With four crosses per block, are the coefficients of block 1, the first four coefficients in the model?
Say, you want to make simultaneous confidence intervals for all pairwise comparisons for this block:

# contrast matrix

cmatrix<-matrix(rep(0,6*4),nrow=6)
cmatrix[1,1]<-1;cmatrix[1,2]<--1;
cmatrix[2,1]<-1;cmatrix[2,3]<--1;
cmatrix[3,1]<-1;cmatrix[3,4]<--1;
cmatrix[4,2]<-1;cmatrix[4,3]<--1;
cmatrix[5,2]<-1;cmatrix[5,4]<--1;
cmatrix[6,3]<-1;cmatrix[6,4]<--1;

cmatrix

# when this matrix is multiplied with the vector of coefficients,
# every element of the result, is an estimated difference between two means.

# library(multcomp)

# psubset selects the parameters of the block you want to investigate.

simint(model,psubset=1:4,cmatrix=cmatrix)

You should probably make a contrast matrix for all 18 pairwise comparisons simultaneously.

cmatrix<-matrix(rep(0,3*6*4*3),nrow=3*6)
cmatrix[1,1]<-1;cmatrix[1,2]<--1;
cmatrix[2,1]<-1;cmatrix[2,3]<--1;
cmatrix[3,1]<-1;cmatrix[3,4]<--1;
cmatrix[4,2]<-1;cmatrix[4,3]<--1;
cmatrix[5,2]<-1;cmatrix[5,4]<--1;
cmatrix[6,3]<-1;cmatrix[6,4]<--1;

cmatrix[7,5]<-1;cmatrix[7,6]<--1;
cmatrix[8,5]<-1;cmatrix[8,7]<--1;
cmatrix[9,5]<-1;cmatrix[9,8]<--1;
cmatrix[10,6]<-1;cmatrix[10,7]<--1;
cmatrix[11,6]<-1;cmatrix[11,8]<--1;
cmatrix[12,7]<-1;cmatrix[12,8]<--1;

cmatrix[13,9]<-1;cmatrix[13,10]<--1;
cmatrix[14,9]<-1;cmatrix[14,11]<--1;
cmatrix[15,9]<-1;cmatrix[15,12]<--1;
cmatrix[16,10]<-1;cmatrix[16,11]<--1;
cmatrix[17,10]<-1;cmatrix[17,12]<--1;
cmatrix[18,11]<-1;cmatrix[18,12]<--1;

simint(model,psubset=1:12,cmatrix=cmatrix)

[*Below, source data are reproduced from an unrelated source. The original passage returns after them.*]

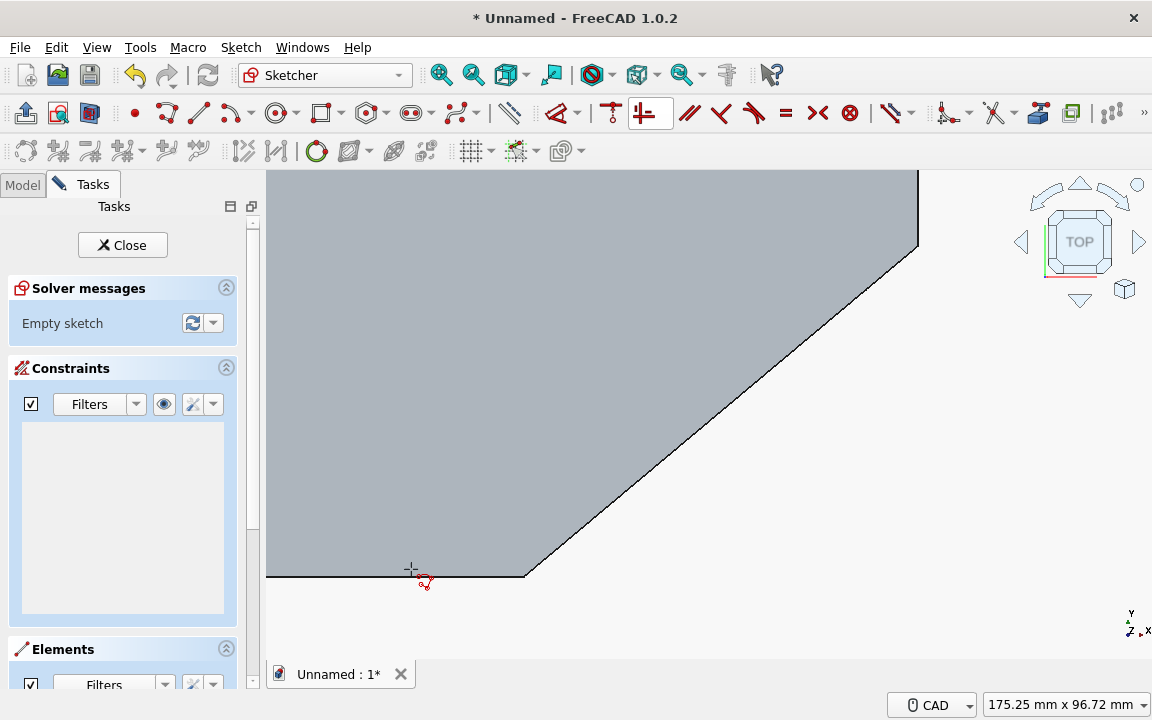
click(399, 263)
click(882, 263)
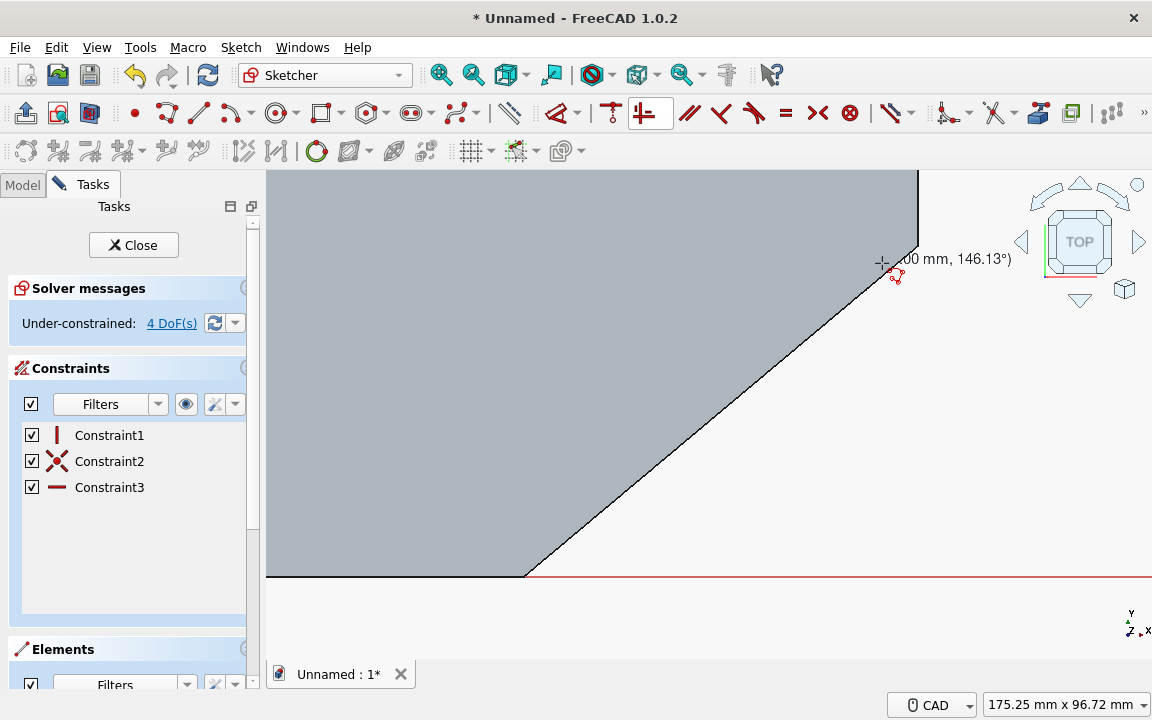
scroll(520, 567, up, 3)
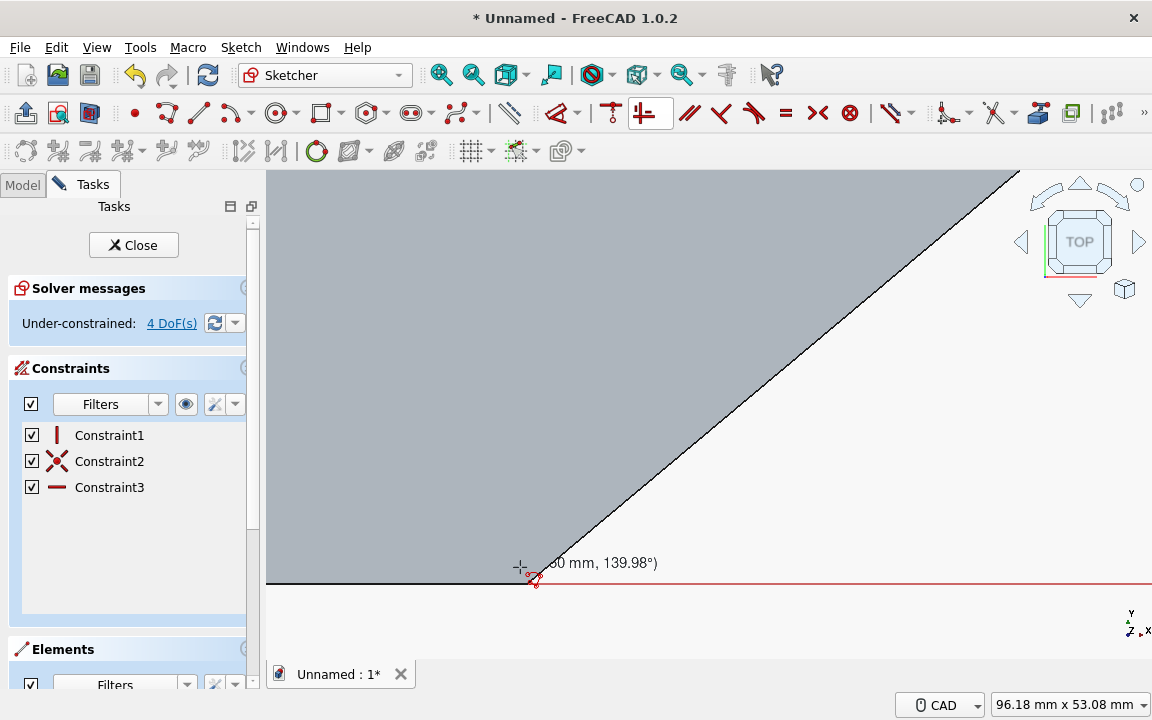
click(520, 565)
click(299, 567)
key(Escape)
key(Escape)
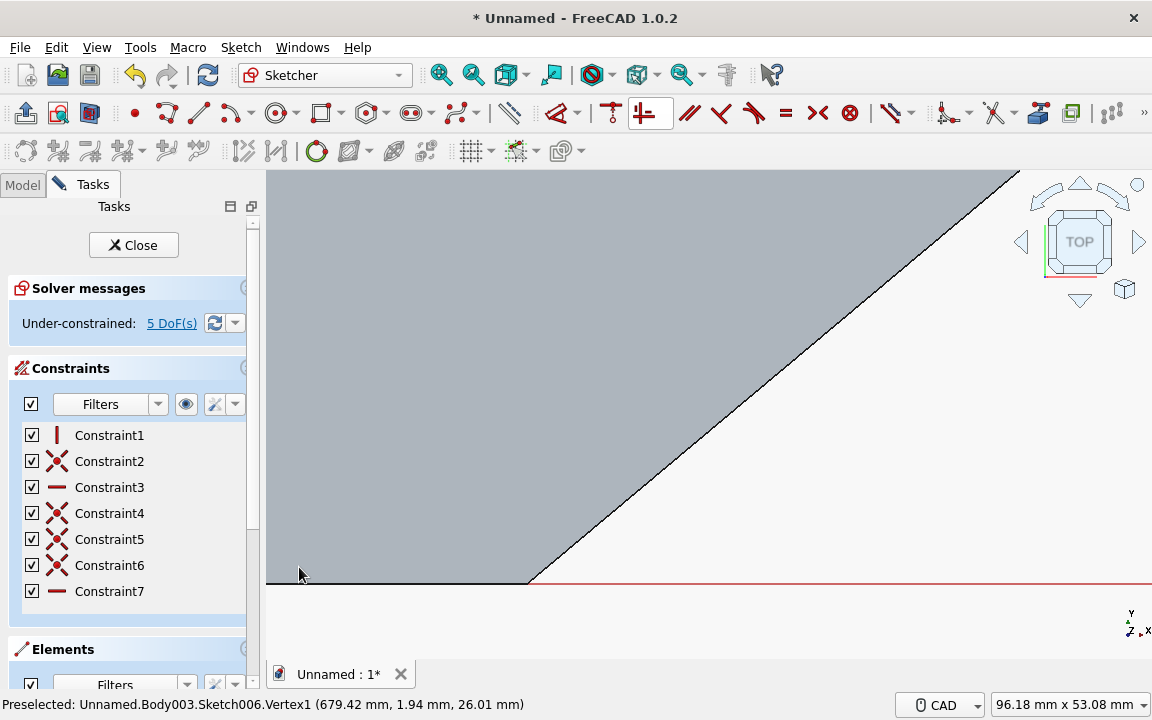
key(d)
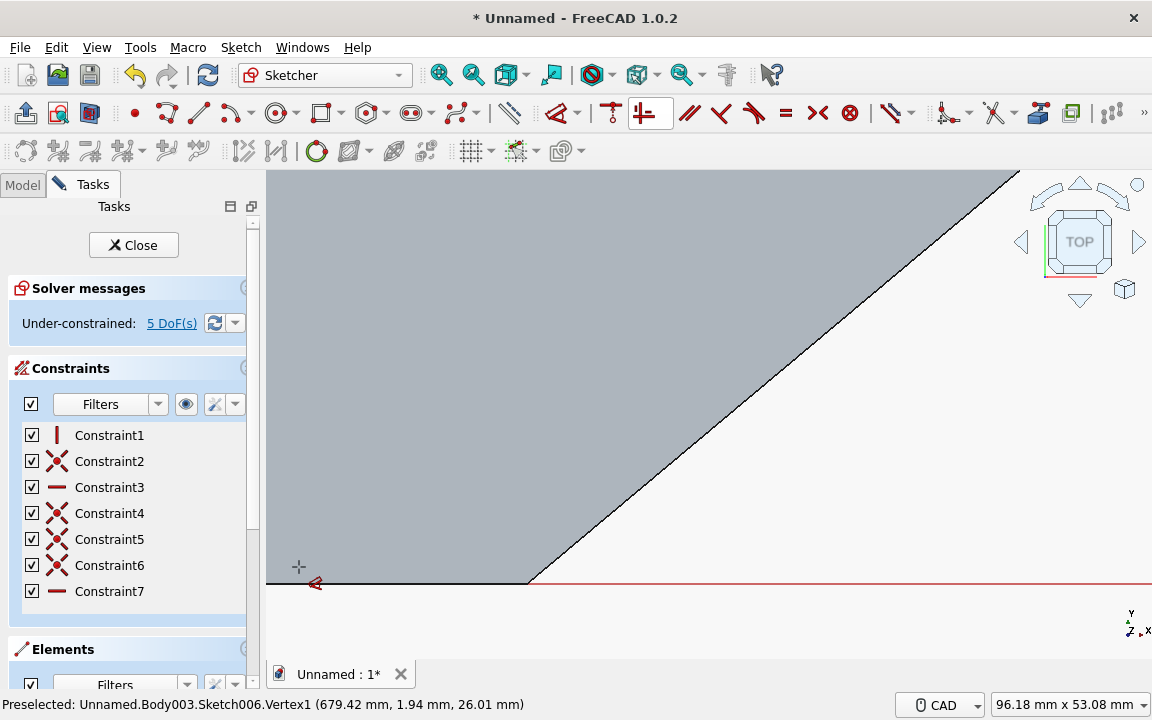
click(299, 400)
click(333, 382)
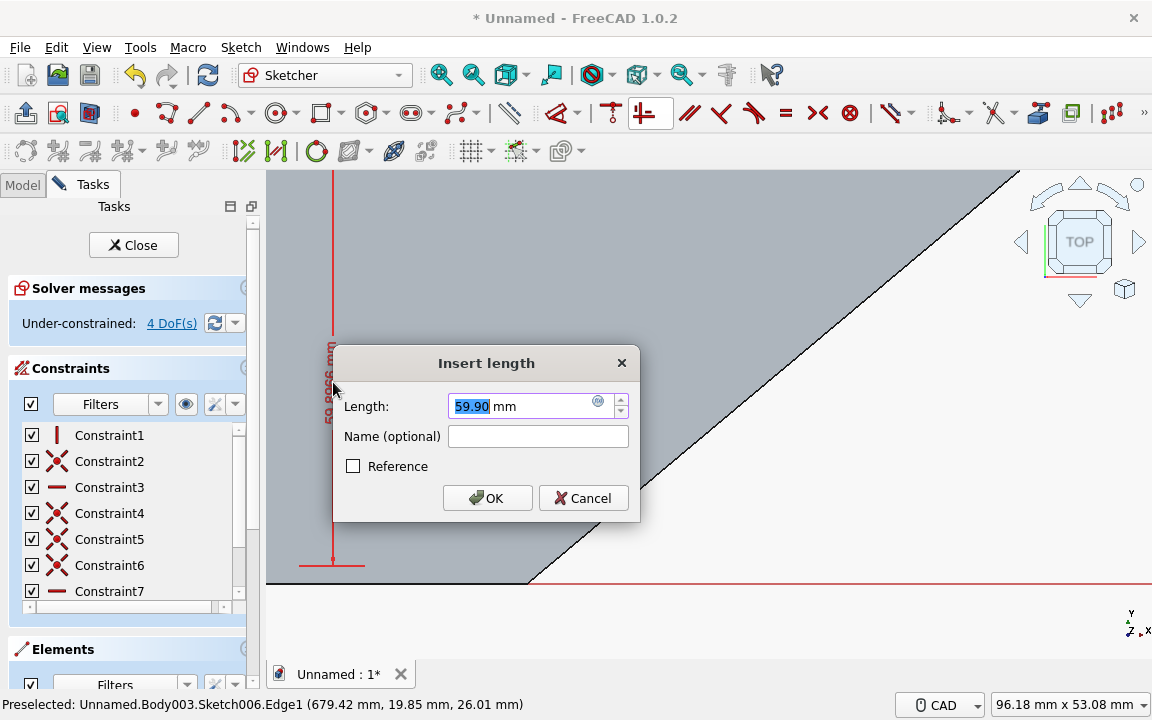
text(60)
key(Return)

## Wednesday, November 22, 2006

### planned comparisons in a nested ANOVA

Hi Tom and others,

How do you perform planned comparisons within a nested ANOVA? I want to look at the differences between levels of the nested factor.

When trying to build the appropriate contrast coefficient, I couldn't make matrices which were built from a combination of 2 factors (so main factor:nested factor). Is this the right way forward at all? And if so, how? A bookreference would be fine too!
Or would it be easier to just do t-tests?
Also, in the booklet of the course it was mentioned you could "construct appropriate independent variables" for planned comparisons. Is this the same as constructing contrast coefficients?

cheers
Nicola

## Wednesday, November 15, 2006

### Multinomial

Hi Tessa,

1) how do I define my distribution in a glm when I have multinomial data (5 patches)?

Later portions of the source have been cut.